Isolation of deoxynivalenol-transforming bacteria from the chicken intestines using the approach of PCR-DGGE guided microbial selection

Abstract

Background: Contamination of grains with trichothecene mycotoxins, especially deoxynivalenol (DON), has been an ongoing problem for Canada and many other countries. Mycotoxin contamination creates food safety risks, reduces grain market values, threatens livestock industries, and limits agricultural produce exports. DON is a secondary metabolite produced by some Fusarium species of fungi. To date, there is a lack of effective and economical methods to significantly reduce the levels of trichothecene mycotoxins in food and feed, including the efforts to breed Fusarium pathogen-resistant crops and chemical/physical treatments to remove the mycotoxins. Biological approaches, such as the use of microorganisms to convert the toxins to non- or less toxic compounds, have become a preferred choice recently due to their high specificity, efficacy, and environmental soundness. However, such approaches are often limited by the availability of microbial agents with the ability to detoxify the mycotoxins. In the present study, an approach with PCR-DGGE guided microbial selection was developed and used to isolate DON -transforming bacteria from chicken intestines, which resulted in the successful isolation of several bacterial isolates that demonstrated the function to transform DON to its de-epoxy form, deepoxy-4-deoxynivalenol (DOM-1), a product much less toxic than DON.

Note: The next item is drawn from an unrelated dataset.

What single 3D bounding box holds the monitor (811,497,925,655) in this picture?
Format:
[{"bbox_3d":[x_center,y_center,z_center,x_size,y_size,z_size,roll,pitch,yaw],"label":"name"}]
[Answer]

Results: The use of conventional microbiological selection strategies guided by PCR-DGGE (denaturing gradient gel electrophoresis) bacterial profiles for isolating DON-transforming bacteria has significantly increased the efficiency of the bacterial selection. Ten isolates were identified and isolated from chicken intestines. They were all able to transform DON to DOM-1. Most isolates were potent in transforming DON and the activity was stable during subculturing. Sequence data of partial 16S rRNA genes indicate that the ten isolates belong to four different bacterial groups, Clostridiales, Anaerofilum, Collinsella, and Bacillus.

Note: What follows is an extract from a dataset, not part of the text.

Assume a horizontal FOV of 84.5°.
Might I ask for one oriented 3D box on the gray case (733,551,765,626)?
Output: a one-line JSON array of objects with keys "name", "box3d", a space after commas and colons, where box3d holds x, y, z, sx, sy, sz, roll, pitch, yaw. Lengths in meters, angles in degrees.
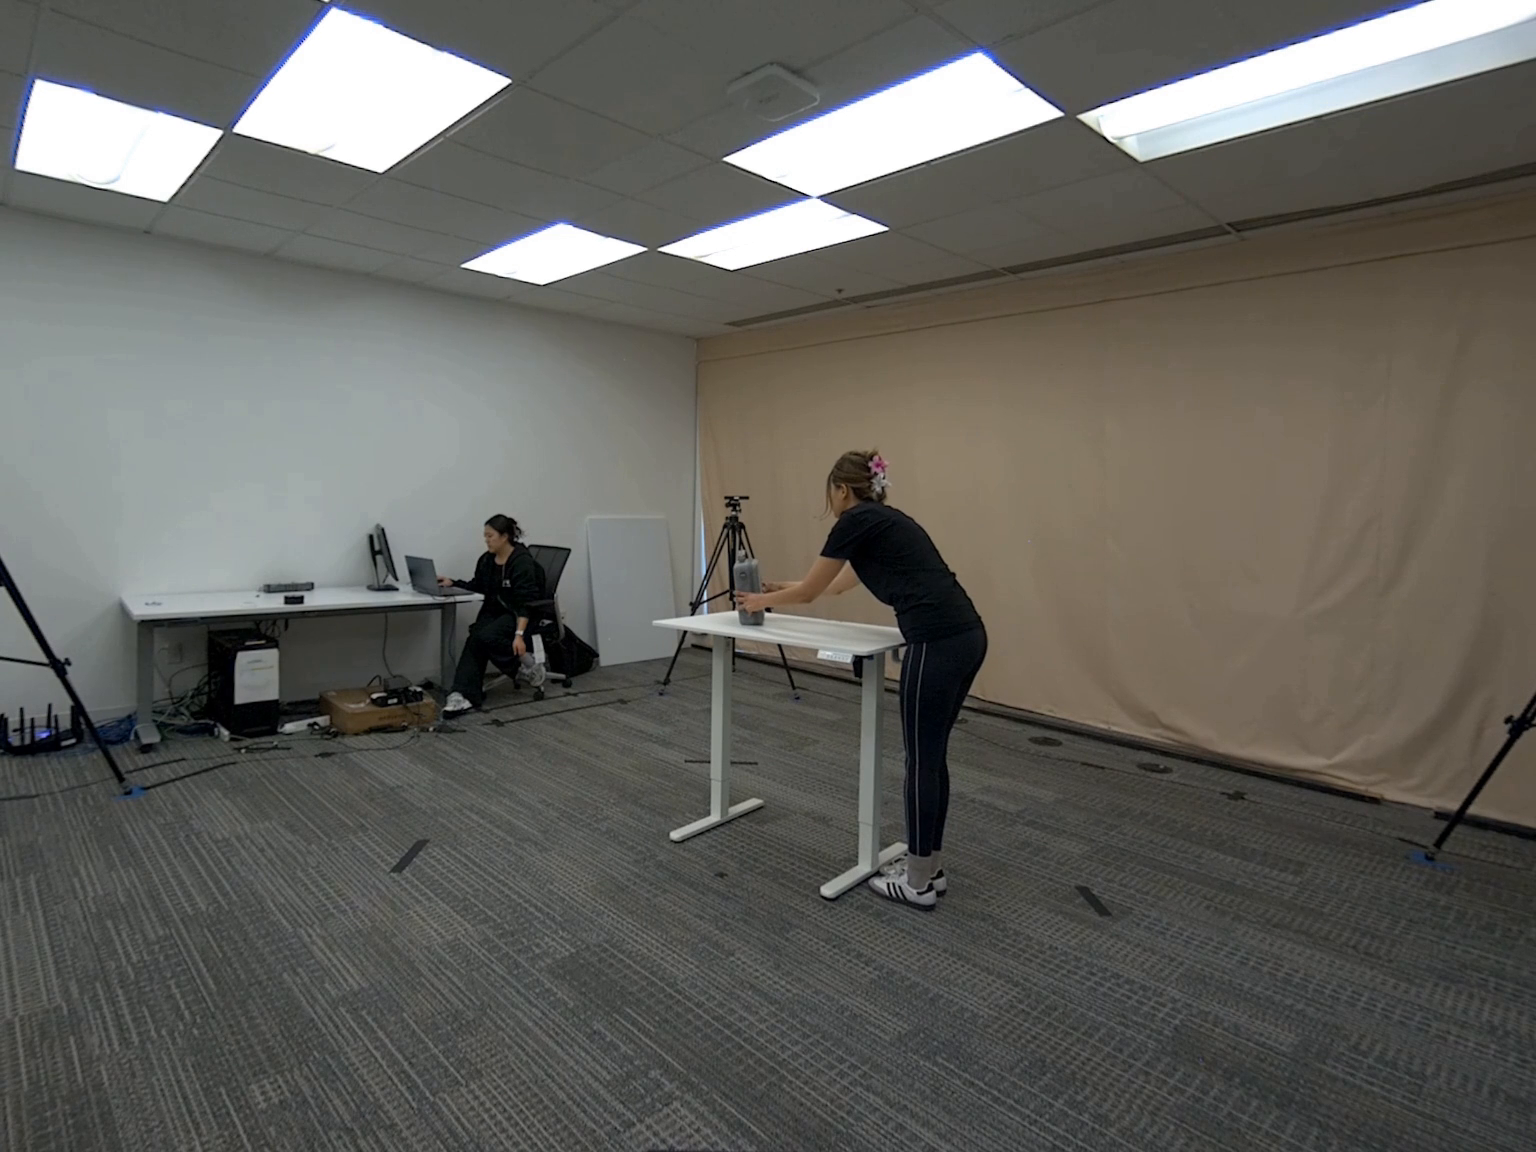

Conclusions: The approach with PCR-DGGE guided microbial selection was effective in isolating DON-transforming bacteria and the obtained bacterial isolates were able to transform DON.

Figure 1

Transformation of DON to DOM-1 by the subcultures of digesta samples . The digesta samples were from the large intestine of chickens fed clean or DON-contaminated wheat (10 μg g^-1 DON) during the in vivo enrichment experiment. The subcultures were grown in L10 broth containing 100 μg ml^-1 DON. Each subculture was incubated for 72 hours. n = 6.

Figure 2

Flow chart showing the process of selection for chicken intestinal bacteria with the ability to transform DON . *Selection criteria used in each step of the selection. Numbers in the parentheses indicate particular steps in the selection.

Figure 3

LC-MS chromatograms showing the biotransformation of DON to DOM-1 . A) DON (100 μg ml^-1) in L10 broth without any bacterial inoculum after 72 hr incubation. Selected ion monitoring at m/z 231, 249, 267, 279, and 297. B) Transformation of DON (100 μg ml^-1) to DOM-1 in L10 broth inoculated with isolate LS100 after 72 hr incubation. Selected ion monitoring at m/z 215, 233, 245, 251, 263, and 281.

Figure 4

PCR-DGGE bacterial profiles showing the richness of bacterial populations . A) Bacterial profiles before and after antibiotic treatments. Lane 1: large intestinal digesta sample (LIC); Lane 2: start culture that was the first subculture from the digesta (LIC) before lincomycin treatment; Lanes 3 and 4: same start culture after the treatment with lincomycin at 60 and 30 μg ml^-1, respectively; Lanes 5 and 6: same start culture after the treatment with tylosin at 80 and 40 μg ml^-1, respectively. B) Changes of PCR-DGGE bacterial profiles through the selection by antibiotics and AIM+CecExt medium. Lane 1: start culture (1^st subculture from the digesta) before antibiotic and AIM+CecExt treatments; Lane 2: the same culture (in Lane 1) after antibiotic and AIM+CecExt treatments; Lane 3: a pure culture of a single colony isolate with DON-transforming activity (Isolate LS-61). Note: Lane 1, lanes 2 - 4, and lanes 5 - 6 of Panel A were from three separate DGGE gels. The migration of their DNA bands was not identical among the different gels.